A hazard is a physical event that may cause outcomes including loss of life, injury, and damage to property, infrastructure, environmental resources. Extreme rain events, hurricanes, droughts, heat waves and wildfires are all examples of climate hazards. They are characterized by their unpredictable nature and potential to shock society. As such, sea level rise (which is a constant, like erosion) is not actually a climate hazard but rather an outcome of climate change.

This brings us to another important aspect of identifying hazards: In order to assess climate risks, a hazard must be defined by a return period or occurrence probability. This is the annual probability that this hazard will occur.

Another commonly used term related to climate risk is exposure. Exposure refers to people, property, infrastructure and other assets that are located in hazard-prone areas and encompasses how they could be adversely affected by a hazard. It can be disclosed in terms of number of people affected, assets affected, the size of an area, etc.
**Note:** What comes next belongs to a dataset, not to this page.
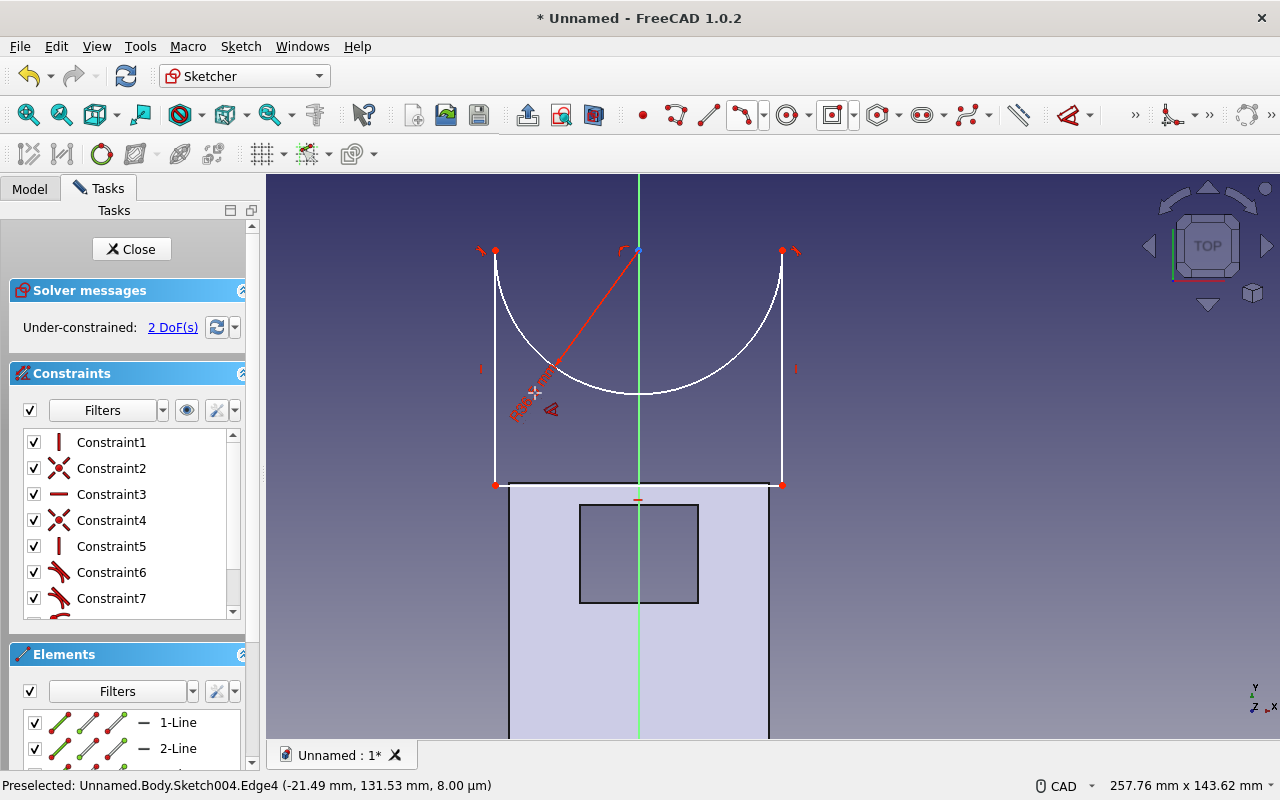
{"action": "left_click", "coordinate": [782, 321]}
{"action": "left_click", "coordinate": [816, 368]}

Exposure is often mistakenly combined with vulnerability, but again these terms are very distinct. Vulnerability is the predisposition to be adversely affected by a hazard. Vulnerability may depend on a range of physical, social, and economic factors such as building materials, land use, and economic status. It is possible to be exposed but not vulnerable to climate risk, for example, by living in a floodplain but having sufficient means to modify building structure to mitigate potential loss. However, to be vulnerable to an extreme event, it is necessary to also be exposed.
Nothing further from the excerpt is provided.